Olmuyordu... Tribünde homurdanmalar, alkışlı, ıslıklı protestolar başladı, başlıyordu... 4. hakemin elindeki ışıklı tabelada 5 yazsın, 6 yazsın duaları arasında bir “gol” sesi yükseldi... Sarı-kırmızı bir sevinç yumağı, tarifsiz bir coşku, kıskandıran bir 3 puan kutlaması, kabustan pembe rüyalara uyanışın fotoğrafı... Mithat vurdu, stres bitti... Futbolculara ilaç, teknik heyete suni teneffüs niteliğinde bir galibiyetti...

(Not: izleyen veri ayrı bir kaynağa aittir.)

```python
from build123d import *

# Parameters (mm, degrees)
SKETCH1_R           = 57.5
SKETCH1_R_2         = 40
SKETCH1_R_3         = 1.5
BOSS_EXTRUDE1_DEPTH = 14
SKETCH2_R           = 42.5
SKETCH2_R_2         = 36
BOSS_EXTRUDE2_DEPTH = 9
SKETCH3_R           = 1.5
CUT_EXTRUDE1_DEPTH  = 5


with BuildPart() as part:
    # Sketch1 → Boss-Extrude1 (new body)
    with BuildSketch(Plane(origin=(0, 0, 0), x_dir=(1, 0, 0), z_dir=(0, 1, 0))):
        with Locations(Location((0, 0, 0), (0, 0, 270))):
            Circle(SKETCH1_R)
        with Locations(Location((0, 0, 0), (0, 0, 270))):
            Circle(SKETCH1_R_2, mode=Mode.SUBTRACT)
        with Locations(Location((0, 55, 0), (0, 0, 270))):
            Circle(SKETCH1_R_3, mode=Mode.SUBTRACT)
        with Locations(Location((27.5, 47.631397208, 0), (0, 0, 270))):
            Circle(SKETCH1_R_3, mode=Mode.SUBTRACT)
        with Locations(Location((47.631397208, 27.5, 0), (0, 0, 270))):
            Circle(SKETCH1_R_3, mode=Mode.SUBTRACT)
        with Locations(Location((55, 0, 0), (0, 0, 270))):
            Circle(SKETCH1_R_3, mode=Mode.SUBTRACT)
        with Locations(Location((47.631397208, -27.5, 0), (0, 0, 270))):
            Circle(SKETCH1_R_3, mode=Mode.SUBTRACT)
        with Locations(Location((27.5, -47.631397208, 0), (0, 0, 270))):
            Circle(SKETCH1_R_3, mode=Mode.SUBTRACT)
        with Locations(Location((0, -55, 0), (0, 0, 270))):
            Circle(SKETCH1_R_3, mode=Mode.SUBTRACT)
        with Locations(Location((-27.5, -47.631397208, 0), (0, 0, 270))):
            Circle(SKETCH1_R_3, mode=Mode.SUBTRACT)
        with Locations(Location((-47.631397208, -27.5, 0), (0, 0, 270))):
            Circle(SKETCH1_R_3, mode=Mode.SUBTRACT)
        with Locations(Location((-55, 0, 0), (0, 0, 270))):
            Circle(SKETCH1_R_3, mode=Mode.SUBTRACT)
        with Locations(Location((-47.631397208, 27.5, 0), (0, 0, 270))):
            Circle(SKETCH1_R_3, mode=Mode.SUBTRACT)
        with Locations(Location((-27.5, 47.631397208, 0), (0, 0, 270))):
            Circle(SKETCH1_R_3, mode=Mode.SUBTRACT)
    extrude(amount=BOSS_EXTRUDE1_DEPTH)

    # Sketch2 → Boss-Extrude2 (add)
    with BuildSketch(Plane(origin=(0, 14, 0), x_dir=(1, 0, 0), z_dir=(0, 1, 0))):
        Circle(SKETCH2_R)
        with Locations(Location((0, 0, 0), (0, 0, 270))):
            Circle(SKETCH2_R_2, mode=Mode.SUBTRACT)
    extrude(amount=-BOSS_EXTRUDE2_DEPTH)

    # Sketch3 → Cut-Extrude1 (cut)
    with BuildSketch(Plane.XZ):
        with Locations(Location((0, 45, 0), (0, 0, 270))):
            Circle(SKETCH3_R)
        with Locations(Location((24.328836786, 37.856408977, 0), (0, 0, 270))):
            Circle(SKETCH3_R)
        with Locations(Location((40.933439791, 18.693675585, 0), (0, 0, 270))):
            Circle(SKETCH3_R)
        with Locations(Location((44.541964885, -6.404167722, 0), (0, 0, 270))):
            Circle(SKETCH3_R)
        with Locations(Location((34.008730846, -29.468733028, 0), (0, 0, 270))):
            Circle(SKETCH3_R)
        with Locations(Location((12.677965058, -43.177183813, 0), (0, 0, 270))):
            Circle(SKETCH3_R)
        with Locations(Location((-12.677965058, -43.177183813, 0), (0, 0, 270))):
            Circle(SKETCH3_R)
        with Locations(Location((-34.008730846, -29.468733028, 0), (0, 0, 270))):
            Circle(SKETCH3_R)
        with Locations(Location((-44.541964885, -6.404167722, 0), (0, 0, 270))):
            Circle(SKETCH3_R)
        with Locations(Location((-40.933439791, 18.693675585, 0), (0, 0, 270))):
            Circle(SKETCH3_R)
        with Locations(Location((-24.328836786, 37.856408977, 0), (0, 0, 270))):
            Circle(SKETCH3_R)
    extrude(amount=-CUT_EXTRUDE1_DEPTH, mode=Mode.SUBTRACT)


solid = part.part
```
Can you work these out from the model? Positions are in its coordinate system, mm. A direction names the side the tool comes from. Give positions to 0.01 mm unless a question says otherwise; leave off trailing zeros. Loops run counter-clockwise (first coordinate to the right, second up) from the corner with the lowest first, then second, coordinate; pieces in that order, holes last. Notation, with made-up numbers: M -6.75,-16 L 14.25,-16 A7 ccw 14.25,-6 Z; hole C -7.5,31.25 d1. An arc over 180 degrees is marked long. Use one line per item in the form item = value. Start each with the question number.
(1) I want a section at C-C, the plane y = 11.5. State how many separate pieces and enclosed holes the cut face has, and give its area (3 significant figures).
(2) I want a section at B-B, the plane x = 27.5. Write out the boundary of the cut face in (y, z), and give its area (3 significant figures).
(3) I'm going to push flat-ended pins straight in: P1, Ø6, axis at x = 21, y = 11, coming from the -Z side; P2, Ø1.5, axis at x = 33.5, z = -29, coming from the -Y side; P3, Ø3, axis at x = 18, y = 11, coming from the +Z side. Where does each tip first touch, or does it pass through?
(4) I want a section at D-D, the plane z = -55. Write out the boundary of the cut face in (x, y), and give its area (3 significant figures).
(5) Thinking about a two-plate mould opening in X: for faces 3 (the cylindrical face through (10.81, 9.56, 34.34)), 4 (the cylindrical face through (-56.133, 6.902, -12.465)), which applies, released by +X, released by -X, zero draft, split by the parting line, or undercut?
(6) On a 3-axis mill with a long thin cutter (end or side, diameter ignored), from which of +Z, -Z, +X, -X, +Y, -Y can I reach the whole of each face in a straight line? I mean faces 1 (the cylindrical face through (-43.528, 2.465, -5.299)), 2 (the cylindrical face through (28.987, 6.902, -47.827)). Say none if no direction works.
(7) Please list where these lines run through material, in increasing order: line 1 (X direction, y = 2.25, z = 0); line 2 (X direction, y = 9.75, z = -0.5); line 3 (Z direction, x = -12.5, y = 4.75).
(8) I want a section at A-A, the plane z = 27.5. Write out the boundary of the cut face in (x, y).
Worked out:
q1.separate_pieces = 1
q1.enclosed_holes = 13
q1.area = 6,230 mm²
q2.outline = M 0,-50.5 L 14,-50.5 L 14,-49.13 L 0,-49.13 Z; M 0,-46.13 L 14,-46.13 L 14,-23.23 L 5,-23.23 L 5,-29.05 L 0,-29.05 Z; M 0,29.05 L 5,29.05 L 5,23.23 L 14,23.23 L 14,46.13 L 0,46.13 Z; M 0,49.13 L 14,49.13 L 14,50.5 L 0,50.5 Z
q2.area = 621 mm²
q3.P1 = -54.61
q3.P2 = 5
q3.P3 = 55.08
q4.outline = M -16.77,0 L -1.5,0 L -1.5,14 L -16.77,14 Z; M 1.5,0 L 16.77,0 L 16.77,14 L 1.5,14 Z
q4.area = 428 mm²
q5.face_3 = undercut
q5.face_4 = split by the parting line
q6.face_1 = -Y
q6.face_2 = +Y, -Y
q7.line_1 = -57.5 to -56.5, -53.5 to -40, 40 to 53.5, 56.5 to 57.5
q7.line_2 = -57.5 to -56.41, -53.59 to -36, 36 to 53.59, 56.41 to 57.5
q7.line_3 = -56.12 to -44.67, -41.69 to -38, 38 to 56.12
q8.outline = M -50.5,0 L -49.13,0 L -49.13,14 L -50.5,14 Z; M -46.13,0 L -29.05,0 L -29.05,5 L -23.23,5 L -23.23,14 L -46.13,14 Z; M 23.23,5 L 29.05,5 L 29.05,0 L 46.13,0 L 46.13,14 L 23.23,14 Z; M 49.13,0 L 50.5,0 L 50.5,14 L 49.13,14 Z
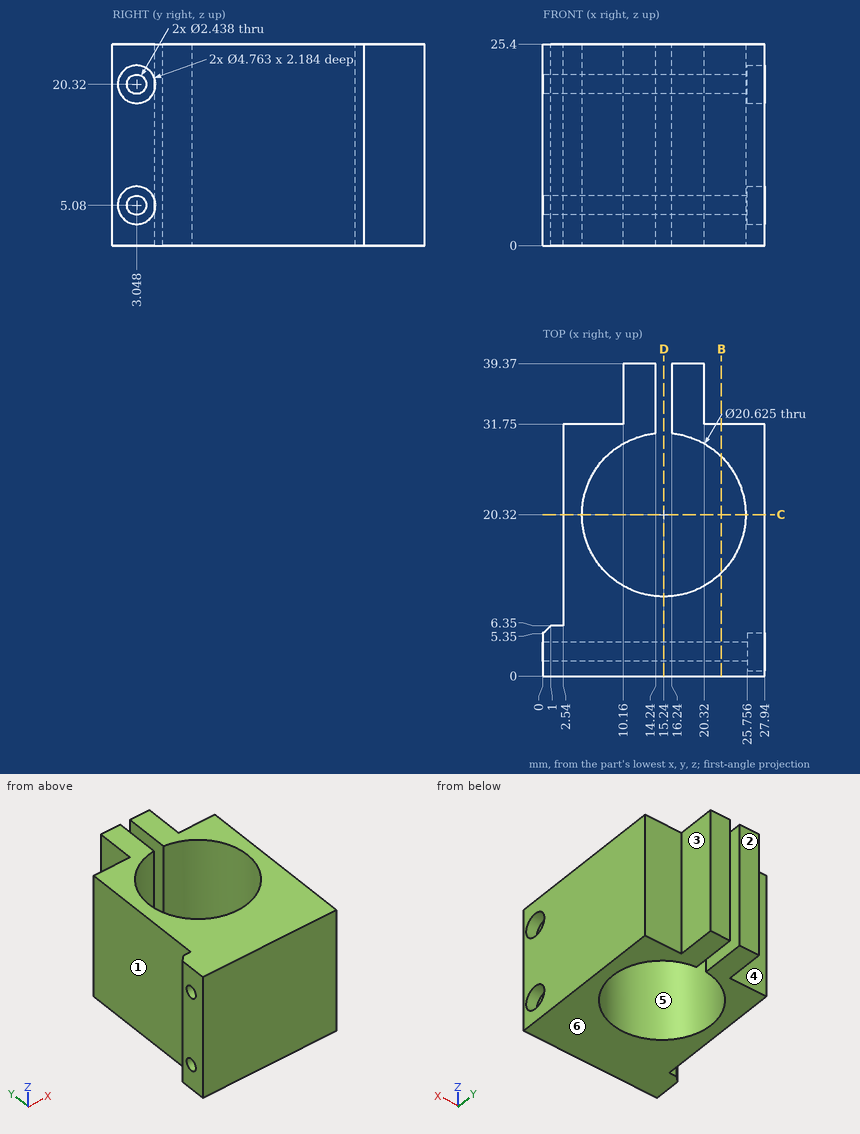
Print and shaded views of the part. All mm, measured from the part's lowest x, y and z. A direction names the side the tool comes from. Round coordinates to 2 decimals unless told otherwise and drop trailing zeros. Write each loop counter-clockwise with the first axis right and the second up, starting at its lowest first coordinate (ties: lowest second). Pieces come first, ordered by that corner, then holes. Notation, with made-up numbers: (-31.5, 87) - (14.5, 87) arc R16 ccw to (14.5, 112) - close; hole circle Ø9 at (4.5, 36). An arc over 180 degrees is marked (long way). Write each question's results on one line, items separated by ' | '. Start each with the question number.
Item 1: Which spindle directions (+Z, -Z, +X, -X, +Y, -Y) get a long thin tool onto all of the face, cutting with end or side? Do the marked faces 1, 2 and 3. Say none if no direction does.
Item 2: Saw through at D-D (x = 15.24). Write the cut outline in (y, z), and give its area (3 significant figures).
Item 3: Saw through at C-C (y = 20.32). Write the cut outline in (x, z).
Item 4: Drop flat-ended pins along their axis: P1, Ø4, axis at x = 23, y = 19, coming from the -Z side; P2, Ø9.5, axis at y = 35.5, z = 12, coming from the -X side; P3, Ø6, axis at x = 23.5, z = 18, coming from the +Y side; P4, Ø4.5, axis at y = 36.5, z = 18, coming from the +X side. Give the stop position or say it passes through.
Item 5: Mould opens along Y. For the marked faces 4, 5 and 6 say: pulls with the +Y half, pulls with the -Y half, needs draft (parallel to the pull), parting line crosses it, or undercut.
Item 6: Saw through at B-B (x = 22.5). Write the cut outline in (y, z).
Item 7: Wall check: L1, parallel to X at y = 20.32, z = 6.5; L2, parallel to Y at x = 26.2, z = 20.32; L3, parallel to Y at x = 26.25, z = 23.25. Give the ranges that are in metal, low to high. Write a range as [from, to].
Results are:
1) face 1: +Z, -Z, -X, +Y | face 2: +Z, -Z, +X, -X, +Y | face 3: +Z, -Z, +X, +Y
2) outline: (0, 0) - (10.01, 0) - (10.01, 25.4) - (0, 25.4) - close; hole circle Ø2.44 at (3.05, 5.08); hole circle Ø2.44 at (3.05, 20.32) | area: 245 mm²
3) outline: (2.54, 0) - (4.93, 0) - (4.93, 25.4) - (2.54, 25.4) - close; (25.55, 0) - (27.94, 0) - (27.94, 25.4) - (25.55, 25.4) - close
4) P1: passes through | P2: stops at x = 2.54 | P3: stops at y = 31.75 | P4: stops at x = 20.32
5) face 4: pulls with the +Y half | face 5: undercut | face 6: needs draft
6) outline: (0, 0) - (13, 0) - (13, 25.4) - (0, 25.4) - close; (27.64, 0) - (31.75, 0) - (31.75, 25.4) - (27.64, 25.4) - close; hole circle Ø2.44 at (3.05, 5.08); hole circle Ø2.44 at (3.05, 20.32)
7) L1: x = [2.54, 4.93], [25.55, 27.94] | L2: y = [0, 0.67], [5.43, 31.75] | L3: y = [0, 31.75]
Source: CAD feature listing. Evaluate the final solid. Frame: model axes, mm. A direction names the side the tool comes from. Give positions to 0.01 mm unless a question says otherwise; leave off trailing zeros. Write each loop counter-clockwise with the first axis right and the second up, starting at its lowest first coordinate (ties: lowest second). Pieces come first, ordered by that corner, then holes. Notation, with made-up numbers: (-1.5, 83.5) -> (28.5, 83.5) arc R22 cw to (28.5, 94.5) -> close; hole circle Ø6 at (18.5, 82.5). An arc over 180 degrees is marked (long way). Answer as a JSON object with one key per item and string values. Group by question number.
Item 1: Section query B-B on y = -11.5. Give the number of separate pieces and of enclosed holes in the cut face, plus the area to 3 significant figures.
Item 2: Section query C-C on x = -976. Return the cut outline in (y, z), plus the area to 3 significant figures.
Item 3: Access query for faces 1 (the face through (-1043.016, -9.392, 113.658)), 2 (the face through (-1086.764, -9.658, 148.403)). Directions: +Z, -Z, +X, -X, +Y, -Y. A direction counts if a zero-diameter tool reaches every point of the face in a straight line with its end or side. Return the directions, or none.
Item 4: First-contact query: pin 1 Ø1 at (x, y) = (-636.5, -9.5) entering from +Z; pin 2 Ø10 at (x, y) = (-898.5, -6.5) entering from +Z; pin 3 Ø10 at (x, y) = (-929, -16) entering from +Z. Flat tips, straight axial feed; report the tip coordinate or a pass-through.
Item 5: Section query A-A on x = -387. Return the cut outline in (y, z), plus the area to 4 significant figures.
Item 6: Pull-direction query (Z, two-part tool) for faces 3 (the face through (-316.4, -9.39, 309.96)), 4 (the face through (-875, -10, 50)), 5 (the face through (-651.487, -9.658, 252.256)), 6 (the face through (-1081.96, -9.66, 17.11)); classes: pulls with the +Z half, pulls with the -Z half, needs draft (parallel to the pull), parting line crosses it, or undercut.
Item 7: Ray query, probe 1 along X at (y, z) = (-12.5, 113.5); probe 2 along Z at (x, y) = (-351.5, -1); probe 3 along X at (y, z) = (-15.5, 23). Return the intervals inside material, ascending. Write a range as from..to.
from build123d import *

# Parameters (mm, degrees)
F1_DEPTH = 19.05
F2_R     = 6.35
F3_DEPTH = 25
F4_R     = 6.35
F5_DEPTH = 25
F6_DEPTH = 25
F7_W     = 202.144652
F7_H     = 274.999976
F8_DEPTH = 25
F9_R     = 50
F10_R    = 60
F11_R    = 25
F12_R    = 30


with BuildPart() as f1:
    # F0 (on Front) → F1 (new body)
    with BuildSketch(Plane.XZ):
        Polygon((-1100, 0), (0, 0), (0, 375), (-525, 375), (-650, 250), (-1100, 160), align=None)
    extrude(amount=F1_DEPTH)

    # F2 (on face) → F3 (cut)
    with BuildSketch(Plane.XZ.offset(19.05)):
        with Locations((-325, 25)):
            Circle(F2_R)
    extrude(amount=-F3_DEPTH, mode=Mode.SUBTRACT)

    # F4 (on face) → F5 (cut)
    with BuildSketch(Plane.XZ.offset(19.05)):
        with Locations((-25, 25)):
            Circle(F4_R)
    extrude(amount=-F5_DEPTH, mode=Mode.SUBTRACT)

    # F4 (on face) → F6 (cut)
    with BuildSketch(Plane.XZ.offset(19.05)):
        with Locations((-25, 25)):
            Circle(F4_R)
    extrude(amount=F6_DEPTH, mode=Mode.SUBTRACT)

    # F7 (on face) → F8 (cut)
    with BuildSketch(Plane.XZ.offset(19.05)):
        Polygon((-675.34939, 50.000012), (-675.34939, 193.939915), (-1049.999988, 119.009795), (-1049.999988, 50.000012), align=None)
        Polygon((-504.289317, 324.999988), (-625.34939, 203.939915), (-625.34939, 50.000012), (-302.144664, 50.000012), (-302.144664, 324.999988), align=None)
        with Locations((-151.072338, 187.5)):
            Rectangle(F7_W, F7_H)
    extrude(amount=-F8_DEPTH, mode=Mode.SUBTRACT)

    # F9
    f9_edges = [f1.edges().sort_by_distance(p)[0] for p in [
        (-675.34939, -9.525, 50.000012),
        (-675.34939, -9.525, 193.939915),
        (-625.34939, -9.525, 203.939915),
        (-625.34939, -9.525, 50.000012),
        (-504.289317, -9.525, 324.999988),
        (-302.144664, -9.525, 324.999988),
        (-302.144664, -9.525, 50.000012),
        (-50.000012, -9.525, 50.000012),
        (-252.144664, -9.525, 50.000012),
        (-252.144664, -9.525, 324.999988),
        (-50.000012, -9.525, 324.999988),
    ]]
    fillet(f9_edges, radius=F9_R)

    # F10
    f10_edges = [f1.edges().sort_by_distance(p)[0] for p in [
        (-650, -9.525, 250),
        (-525, -9.525, 375),
        (0, -9.525, 375),
        (-1100, -9.525, 160),
        (-1100, -9.525, 0),
    ]]
    fillet(f10_edges, radius=F10_R)

    # F11
    f11_edges = [f1.edges().sort_by_distance(p)[0] for p in [
        (0, -9.525, 0),
    ]]
    fillet(f11_edges, radius=F11_R)

    # F12
    f12_edges = [f1.edges().sort_by_distance(p)[0] for p in [
        (-1049.999988, -9.525, 119.009795),
        (-1049.999988, -9.525, 50.000012),
    ]]
    fillet(f12_edges, radius=F12_R)


solid = f1.part
Worked answers:
{
 "1": {"separate pieces": "1", "enclosed holes": "5", "area": "154,000 mm^2"},
 "2": {"outline": "(-19.05, 0) -> (0, 0) -> (0, 50) -> (-19.05, 50) -> close; (-19.05, 133.81) -> (0, 133.81) -> (0, 184.8) -> (-19.05, 184.8) -> close", "area": "1,920 mm^2"},
 "3": {"face 1": "+Y, -Y", "face 2": "+Z, -X, +Y, -Y"},
 "4": {"pin 1": "z = 264", "pin 2": "z = 201.3", "pin 3": "z = 195.2"},
 "5": {"outline": "(-19.05, 0) -> (0, 0) -> (0, 50) -> (-19.05, 50) -> close; (-19.05, 325) -> (0, 325) -> (0, 375) -> (-19.05, 375) -> close", "area": "1,905 mm^2"},
 "6": {"face 3": "undercut", "face 4": "undercut", "face 5": "pulls with the +Z half", "face 6": "pulls with the -Z half"},
 "7": {"probe 1": "-1099.94..-1043.15, -675.35..-625.35, -302.14..-252.14, -50..0", "probe 2": "0..50, 325..375", "probe 3": "-1087.23..-331.03, -318.97..-31.03, -18.97..-0.08"}
}
from build123d import *

# Parameters (mm, degrees)
SKETCH1_R           = 2.25
BOSS_EXTRUDE1_DEPTH = 6


with BuildPart() as part:
    # Sketch1 → Boss-Extrude1 (new body)
    with BuildSketch(Plane.XY):
        with BuildLine():
            Line((-5, 19), (40, 19))
            ThreePointArc((40, 19), (43.9358142, 15.713699222), (41.404493766, 11.25468329))
            Line((41.404493766, 11.25468329), (1.404493766, -3.74531671))
            ThreePointArc((1.404493766, -3.74531671), (-1.722328125, -3.610205788), (-3.794733192, -1.264911064))
            Line((-3.794733192, -1.264911064), (-8.794733192, 13.735088936))
            ThreePointArc((-8.794733192, 13.735088936), (-8.244968741, 17.338841139), (-5, 19))
        make_face()
        Circle(SKETCH1_R, mode=Mode.SUBTRACT)
        with Locations((-5, 15)):
            Circle(SKETCH1_R, mode=Mode.SUBTRACT)
        with Locations((40, 15)):
            Circle(SKETCH1_R, mode=Mode.SUBTRACT)
    extrude(amount=BOSS_EXTRUDE1_DEPTH)


solid = part.part
For this review, take the finished solid that the model builds, in its own axes (mm). Round coordinates to 2 decimals unless told otherwise and drop trailing zeros. Order: outer loops, then holes, each group sorted by start corner. A loop starts at its lowest first (then second) coordinate and runs counter-clockwise, first axis right, second up. Notation, with made-up numbers: (-21.5, -10) -> (14.5, -10) arc R21 cw to (14.5, 17) -> close; hole circle Ø4 at (29.25, 14). An arc over 180 degrees is marked (long way). Write item = value, one per line. Start each with the question number.
1) The part is to be moulded in two halves that separate along Y. For faces 1 (the face through (-3.962, 13.004, 2.958)), 2 (the face through (21.68, 3.86, 2.96)), 3 (the face through (12, 10, 0)), say which applies: +Y half, -Y half, draft (parallel to the pull), parting line (faces both ways), or undercut.
2) Take a section at B-B on z = 2.15. State the section outline as (x, y) points, plus the area to 3 significant figures.
3) Take a section at C-C on y = 15. State the section outline as (x, z) points, plus the area to 3 significant figures.
4) To check wall thickness, follow line 1 (Y direction, x = 0, z = 4.6); line 2 (Y direction, x = 1, z = 3); line 3 (Y direction, x = 30, z = 1.5). State the ranges of each line that lie inside material, in increasing order. Write a range as from..to.
5) Insertion check: pin 1 (1 mm diameter, centred on x = 23, z = 3, fed in from -Y); pin 2 (2 mm diameter, centred on x = 32.5, y = 10, fed in from -Z); pin 3 (2.5 mm diameter, centred on x = 0, y = 0, fed in from -Z); pin 4 (3 mm diameter, centred on y = 0, z = 3, fed in from -X). Each pin has a flat end and moves straight along its axis. Give the tip position at first contact, or say it passes through.
6) Take a section at D-D on x = 29.5. State the section outline as (y, z) points, plus the area to 3 significant figures.
7) Take a section at A-A on x = 0. State the section outline as (y, z) points.
Verdict:
q1.face_1 = undercut
q1.face_2 = -Y half
q1.face_3 = draft
q2.outline = (-8.79, 13.74) -> (-3.79, -1.26) arc R4 ccw to (1.4, -3.75) -> (41.4, 11.25) arc R4 ccw to (40, 19) -> (-5, 19) arc R4 ccw to start; hole circle Ø4.5 at (-5, 15); hole circle Ø4.5 at (0, 0); hole circle Ø4.5 at (40, 15)
q2.area = 754 mm2
q3.outline = (-9, 0) -> (-7.25, 0) -> (-7.25, 6) -> (-9, 6) -> close; (-2.75, 0) -> (37.75, 0) -> (37.75, 6) -> (-2.75, 6) -> close; (42.25, 0) -> (44, 0) -> (44, 6) -> (42.25, 6) -> close
q3.area = 264 mm2
q4.line_1 = -4..-2.25, 2.25..19
q4.line_2 = -3.87..-2.02, 2.02..19
q4.line_3 = 6.98..19
q5.pin_1 = 4.17
q5.pin_2 = 0
q5.pin_3 = through
q5.pin_4 = -4.72
q6.outline = (6.79, 0) -> (19, 0) -> (19, 6) -> (6.79, 6) -> close
q6.area = 73.3 mm2
q7.outline = (-4, 0) -> (-2.25, 0) -> (-2.25, 6) -> (-4, 6) -> close; (2.25, 0) -> (19, 0) -> (19, 6) -> (2.25, 6) -> close

Sahaya alışılagelmiş eşofmanları yerine havalimanına gidecek birinin seyahat kıyafetini (!) andıran şık bir takımla çıkan Teknik Direktör Hüseyin Kalpar, yolculuktan kurtuldu ama günahlarından arındı mı acaba?
Çok istedi Göztepeli futbolcular dün akşam galibiyeti... Özellikle ikinci yarıda kazanmak adına insanüstü bir çaba harcadılar... 89 golü onların ödülüydü kuşkusuz...
Ama son derece kaliteli futbolculardan kurulu bu iyi takım böyle mi kazanmalı? Art arda 3 pas yapmadan, organize bir atak geliştirmeden, olgunlaşmış bir pozisyon yaratmadan, doldur boşaltlarla, dan dun ileriye vurulan toplarla, sevinmek için tesadüflere mi sığınmalı?
Suçlu, evinde kazanmaktan başka çaren olmayan maçta, yedek oturan golcü Şaban mı, kişisel becerileriyle kendi fırsatını kendi yaratmak için didinen santrfor Bedi Buval mı?
Yoksa... Topun rakip ceza alanına layıkıyla gelmesi için bir taktiği olmayan, bu ligin en pahalı iki santrforunu 11’e koyacak yüreği taşımayan, maç 0-0 iken 2 gol umudundan birini soyunma odasına gönderen, Göztepe’ye demode futbolu dayatan mı?